Dataset records:
________________________________________
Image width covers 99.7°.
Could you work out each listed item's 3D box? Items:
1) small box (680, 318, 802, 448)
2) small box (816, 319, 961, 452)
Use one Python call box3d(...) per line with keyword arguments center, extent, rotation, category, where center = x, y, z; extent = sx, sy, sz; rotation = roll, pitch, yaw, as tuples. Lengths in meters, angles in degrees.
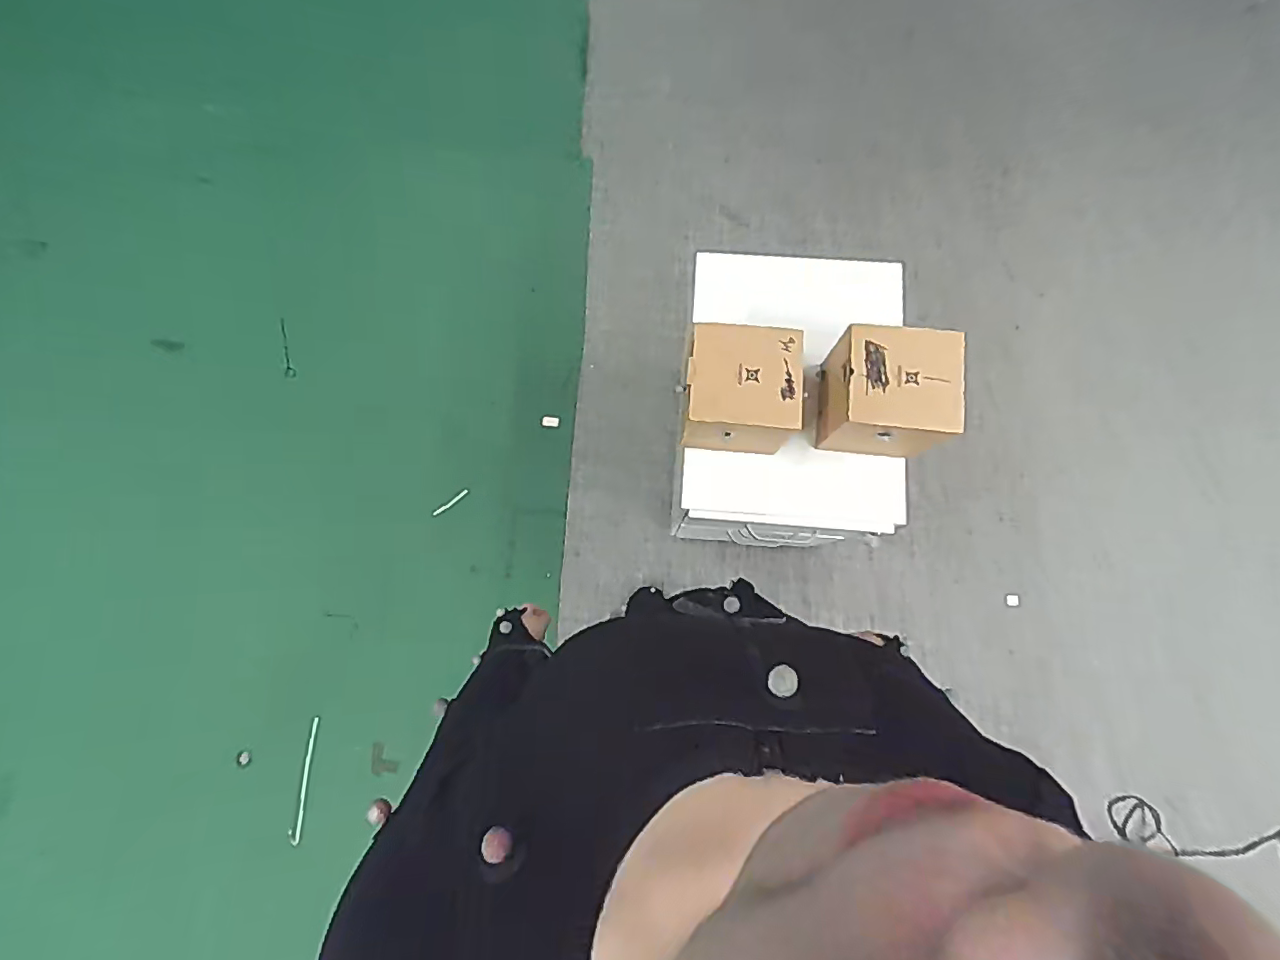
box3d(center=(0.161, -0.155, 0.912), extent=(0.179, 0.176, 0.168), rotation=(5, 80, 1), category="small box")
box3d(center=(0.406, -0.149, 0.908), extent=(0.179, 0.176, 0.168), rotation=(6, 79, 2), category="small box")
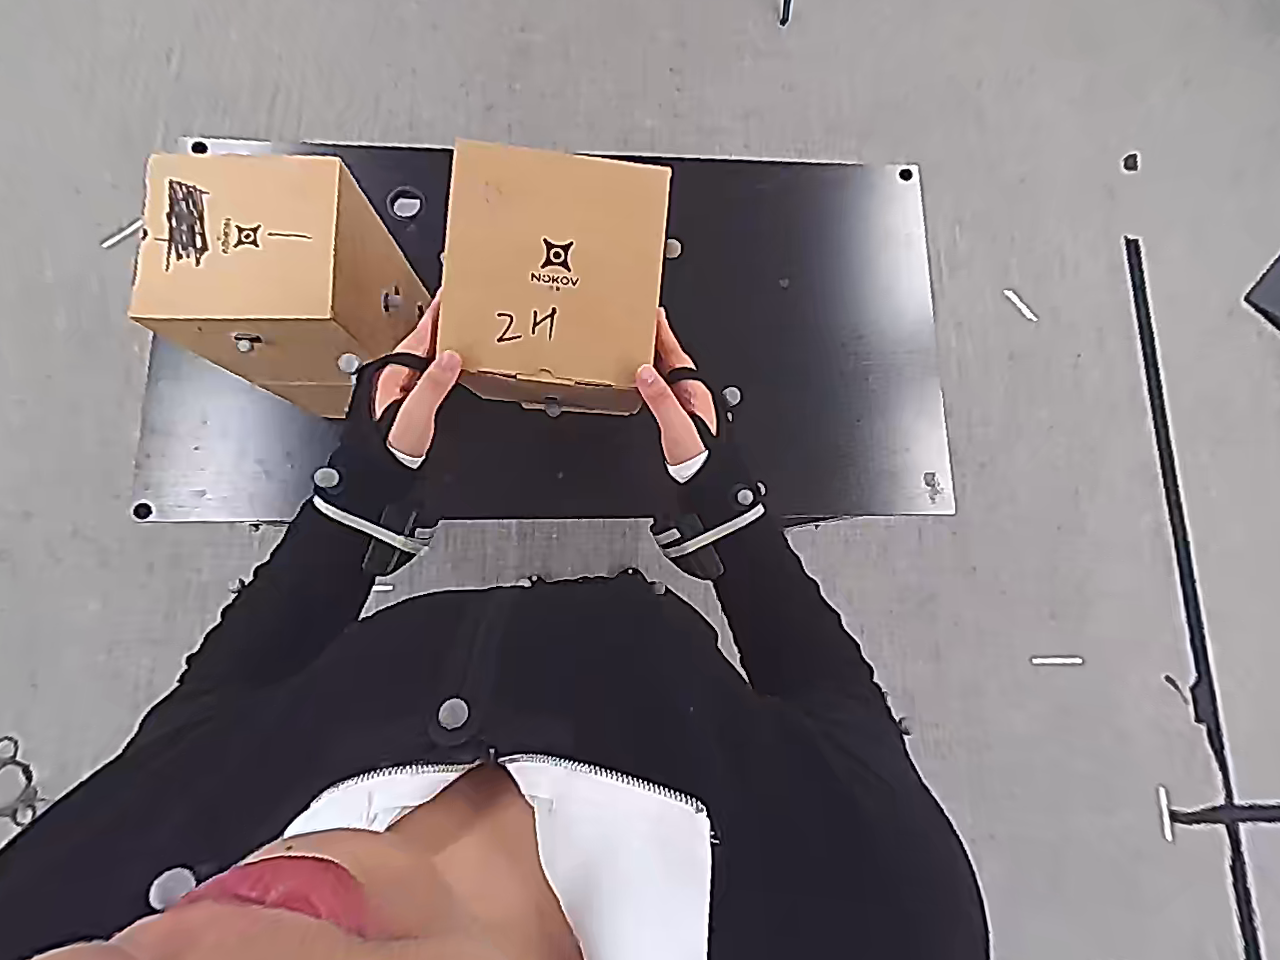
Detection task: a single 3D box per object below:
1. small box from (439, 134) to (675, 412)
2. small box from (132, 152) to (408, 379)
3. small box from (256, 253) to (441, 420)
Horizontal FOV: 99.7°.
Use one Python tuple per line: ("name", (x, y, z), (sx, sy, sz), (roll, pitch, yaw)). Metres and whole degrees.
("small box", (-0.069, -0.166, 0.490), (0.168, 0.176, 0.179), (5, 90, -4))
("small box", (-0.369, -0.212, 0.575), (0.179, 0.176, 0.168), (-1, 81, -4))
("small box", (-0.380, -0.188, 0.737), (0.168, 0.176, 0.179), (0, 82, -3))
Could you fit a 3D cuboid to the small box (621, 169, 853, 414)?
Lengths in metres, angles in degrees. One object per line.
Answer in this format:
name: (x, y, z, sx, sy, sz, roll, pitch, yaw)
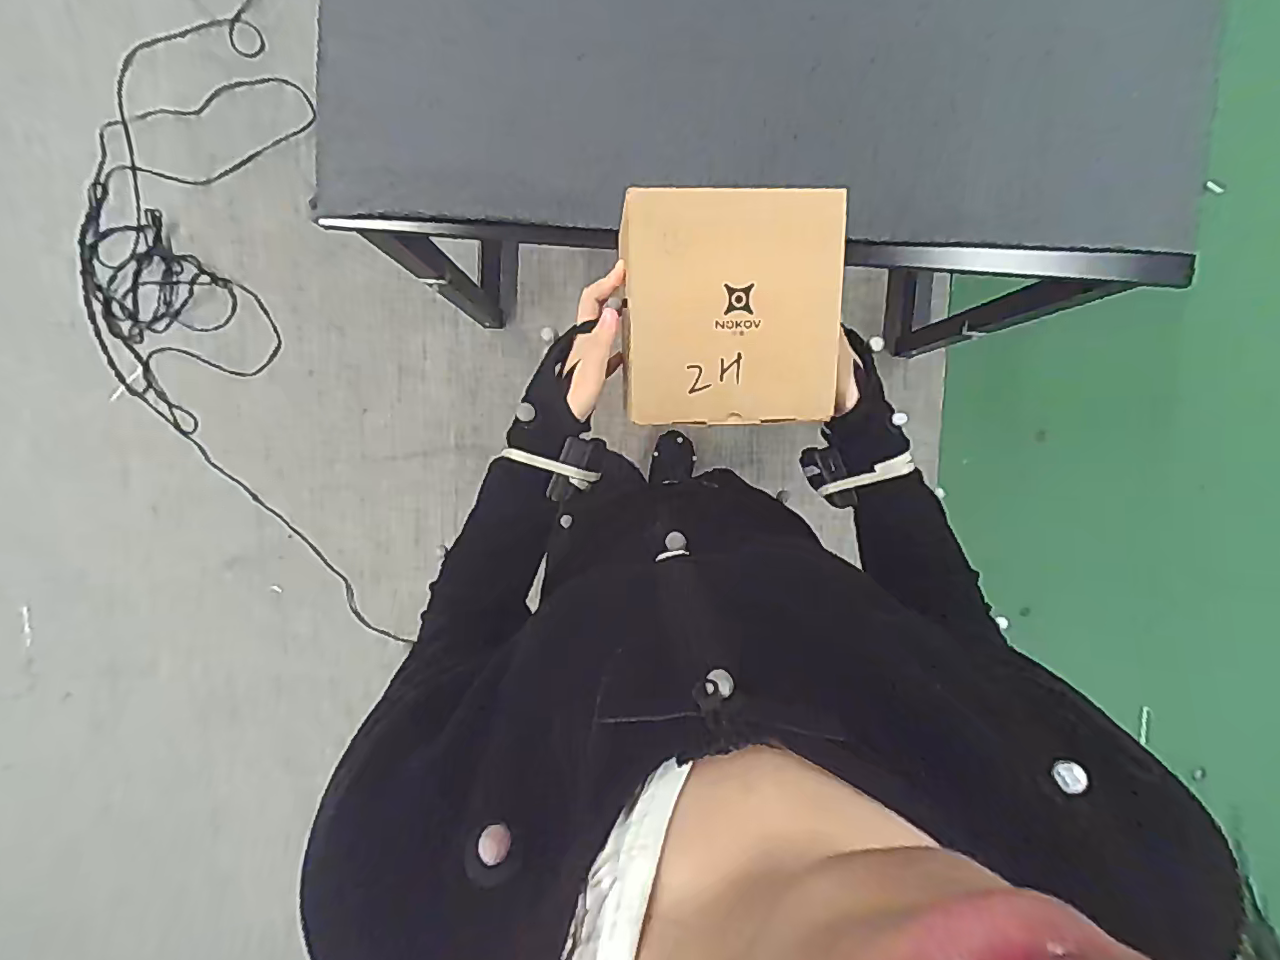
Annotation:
________________________________________
» WHAT TO DO: How many lines in the records above hold the word "Could"? Give only the number.

» YOUR RESPONSE: 2